Bazı köylüler onunla hemfikir. 53 yaşındaki Hayri Koyuncu, Yeniköy’ün etrafındaki yakında havalimanı olacak çayırları işaret ediyor. Söylediğine göre 1924’ten beri ailece İstanbul’un Karadeniz bölgesinde yaşıyor, hayvancılıkla geçimlerini sağlıyorlar. “Geçmişte İstanbul’da satılan fasulye ve diğer sebzeler burada yetiştirilirdi. İneklerimiz ve küçükbaş hayvanlarımız vardı. Mutluyduk. Bu köy kendi başının çaresine bakıyordu” diyen Koyuncu, “Bana kalırsa havalimanı inşa edilirse köylülerin özgürlüğü ortadan kalkacak. Çünkü birinin özgür olabilmesi için hayatta kalmasına yetecek kaynaklara sahip olması gerekir” diye devam ediyor. Dıger bir taraftan İstanbullu taksi şoförü Hamdi Akyüz ise daha fazla mega-proje görmek istediğini dile getiriyor. İstanbul’un ünlü trafiğinde saatler geçiren Akyüz “Bu kadarı yetmez. Üçüncü köprü bile yetmez. Dört, beş köprü lazım bize” diyor.
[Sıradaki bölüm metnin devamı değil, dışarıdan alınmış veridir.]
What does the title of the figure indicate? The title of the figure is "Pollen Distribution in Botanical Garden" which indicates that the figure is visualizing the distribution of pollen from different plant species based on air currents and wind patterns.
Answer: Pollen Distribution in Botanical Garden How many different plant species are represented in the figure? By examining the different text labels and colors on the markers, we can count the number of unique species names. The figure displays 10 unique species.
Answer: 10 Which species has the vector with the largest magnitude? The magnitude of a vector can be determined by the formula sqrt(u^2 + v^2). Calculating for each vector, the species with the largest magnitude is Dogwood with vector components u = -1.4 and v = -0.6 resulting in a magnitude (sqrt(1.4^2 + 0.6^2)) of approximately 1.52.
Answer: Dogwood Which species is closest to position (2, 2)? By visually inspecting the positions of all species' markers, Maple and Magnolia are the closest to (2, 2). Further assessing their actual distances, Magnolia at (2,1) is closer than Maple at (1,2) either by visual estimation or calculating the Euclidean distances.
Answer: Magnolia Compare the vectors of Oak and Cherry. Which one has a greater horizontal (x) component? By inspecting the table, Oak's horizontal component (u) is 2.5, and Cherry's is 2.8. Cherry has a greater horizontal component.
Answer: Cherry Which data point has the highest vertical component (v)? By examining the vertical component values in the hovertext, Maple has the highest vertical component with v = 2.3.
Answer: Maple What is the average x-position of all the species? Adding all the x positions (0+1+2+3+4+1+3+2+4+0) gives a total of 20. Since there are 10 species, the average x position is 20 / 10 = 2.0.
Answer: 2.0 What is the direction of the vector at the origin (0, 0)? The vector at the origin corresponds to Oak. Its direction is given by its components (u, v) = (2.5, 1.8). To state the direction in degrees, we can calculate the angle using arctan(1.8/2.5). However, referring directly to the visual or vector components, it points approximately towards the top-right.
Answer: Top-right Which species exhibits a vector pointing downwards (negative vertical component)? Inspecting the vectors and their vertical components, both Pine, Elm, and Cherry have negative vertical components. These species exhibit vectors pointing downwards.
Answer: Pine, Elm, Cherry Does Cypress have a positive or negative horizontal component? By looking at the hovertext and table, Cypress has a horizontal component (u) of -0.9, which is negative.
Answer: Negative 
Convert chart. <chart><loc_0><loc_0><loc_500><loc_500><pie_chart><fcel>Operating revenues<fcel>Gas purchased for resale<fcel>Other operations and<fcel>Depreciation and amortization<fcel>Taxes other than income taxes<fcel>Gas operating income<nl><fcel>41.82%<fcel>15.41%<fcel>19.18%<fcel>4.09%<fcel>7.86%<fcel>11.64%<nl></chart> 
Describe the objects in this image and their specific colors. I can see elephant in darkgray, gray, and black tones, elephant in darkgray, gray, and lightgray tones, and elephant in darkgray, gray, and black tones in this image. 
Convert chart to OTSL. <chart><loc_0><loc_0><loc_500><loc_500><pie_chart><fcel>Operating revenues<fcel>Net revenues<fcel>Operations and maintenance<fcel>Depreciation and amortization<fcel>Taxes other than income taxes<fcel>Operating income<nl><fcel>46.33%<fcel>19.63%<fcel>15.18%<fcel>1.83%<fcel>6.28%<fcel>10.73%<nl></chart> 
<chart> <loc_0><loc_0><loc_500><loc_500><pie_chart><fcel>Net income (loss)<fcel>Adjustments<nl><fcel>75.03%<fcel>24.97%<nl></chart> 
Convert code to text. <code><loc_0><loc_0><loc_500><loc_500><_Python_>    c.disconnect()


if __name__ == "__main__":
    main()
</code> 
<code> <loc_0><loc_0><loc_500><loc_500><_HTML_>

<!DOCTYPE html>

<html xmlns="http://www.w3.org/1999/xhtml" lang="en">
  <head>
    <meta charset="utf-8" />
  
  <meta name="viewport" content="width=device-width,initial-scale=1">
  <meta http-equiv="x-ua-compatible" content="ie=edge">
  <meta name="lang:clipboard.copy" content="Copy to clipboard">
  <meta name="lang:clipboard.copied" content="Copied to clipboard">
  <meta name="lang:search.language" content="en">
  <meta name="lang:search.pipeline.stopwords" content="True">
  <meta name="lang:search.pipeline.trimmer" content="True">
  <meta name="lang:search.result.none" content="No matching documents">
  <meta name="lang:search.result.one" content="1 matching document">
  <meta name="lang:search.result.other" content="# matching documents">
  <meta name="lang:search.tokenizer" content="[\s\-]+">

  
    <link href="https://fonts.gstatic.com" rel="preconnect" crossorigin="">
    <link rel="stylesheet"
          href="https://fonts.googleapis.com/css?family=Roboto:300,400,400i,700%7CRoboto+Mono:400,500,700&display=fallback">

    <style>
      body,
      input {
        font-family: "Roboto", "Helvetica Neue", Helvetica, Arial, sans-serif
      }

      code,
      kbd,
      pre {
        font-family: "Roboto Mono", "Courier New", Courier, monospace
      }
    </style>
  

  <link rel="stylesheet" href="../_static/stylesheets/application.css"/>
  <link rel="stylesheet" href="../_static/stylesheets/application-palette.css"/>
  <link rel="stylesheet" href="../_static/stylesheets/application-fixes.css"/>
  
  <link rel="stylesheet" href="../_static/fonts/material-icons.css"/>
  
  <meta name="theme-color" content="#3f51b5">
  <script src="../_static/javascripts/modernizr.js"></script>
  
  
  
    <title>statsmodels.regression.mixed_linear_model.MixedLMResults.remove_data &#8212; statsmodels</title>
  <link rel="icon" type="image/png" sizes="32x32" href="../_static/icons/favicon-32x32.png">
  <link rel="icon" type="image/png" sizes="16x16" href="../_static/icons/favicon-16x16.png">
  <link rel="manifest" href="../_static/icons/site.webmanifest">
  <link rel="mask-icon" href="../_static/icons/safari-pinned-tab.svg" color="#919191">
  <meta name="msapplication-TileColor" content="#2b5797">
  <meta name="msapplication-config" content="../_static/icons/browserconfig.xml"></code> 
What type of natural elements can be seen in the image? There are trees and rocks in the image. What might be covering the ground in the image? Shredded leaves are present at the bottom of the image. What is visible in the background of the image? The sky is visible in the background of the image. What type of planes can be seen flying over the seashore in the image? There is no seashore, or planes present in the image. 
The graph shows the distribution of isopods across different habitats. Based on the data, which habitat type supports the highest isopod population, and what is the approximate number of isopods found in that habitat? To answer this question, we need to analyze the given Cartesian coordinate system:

Havalimanını inşa etmekle görevlendirilen beş şirketten biri olan Mapa İnşaat ve Ticaret A.Ş. İş Geliştirme Müdürü Özcan Ömüral, Türkiye’nin Batı ülkelerinin ormanları kesip termik santrallar inşa ederek elde ettikleri refah seviyesine ulaşmayı hak ettiğini dile getiriyor. Çoğu Türk gibi o da Türkiye ekonomisi tam şahlanırken ülkesine getirilen bu eleştirileri şüpheyle karşılıyor: “Türkiye gelişmekte olan bir ülke ve altyapıya ihtiyacı var. Şehir büyümek zorunda ve siz de yeni yerler inşa etmek zorundasınız. Bana göre yeni kuralları gelişmekte olan ülkelerdeki sanayileşmeyi kontrol altına almak adına getiriyorlar.”

“Özel Koşullar”ın Arkasına Saklanan Bir Ülke

Uluslararası iklim değişikliği görüşmelerinde Türkiye kendine özgü ve kimi zaman izole bir rol oynuyor. 1997’de imzalanan Kyoto Protokolü ülkeleri iki kategoriye ayırdı –sanayileşmiş olanlar veya Ek-A denilen, karbon salımında azaltıma gitmesi zorunlu ülkeler ve gelişmekte olan ve o dönem için paçayı kurtaran “Ek-A olmayan” ülkeler. Türkiye her nasılsa iki gruba birden girdi.

Türk yetkililer bunun basit bir evrak hatası olduğunu söylüyor. Ancak kimileri, ülkenin müzakere masasına yolladığı yetkililerin hazırlıksız gelmelerinden ve gelişmiş ülkeler arasına girmenin ülkenin çıkarlarına daha uygun olacağını varsaymalarından kaynaklandığını belirtiyor. Liderler bu tercihle gelen sorumlulukları anladıkları anda geri adım atmayı denediler. Sonraki yıllarda Türkiye’nin tek bir hedefi vardı: Ek-A listesinden çıkmak. 2001 yılında bunu başardı ve “özel koşulları” kabul edildi. O gün bugündür, analistlerin yorumlarına bakılırsa, ülke dikkat çekmemeye özen gösteriyor.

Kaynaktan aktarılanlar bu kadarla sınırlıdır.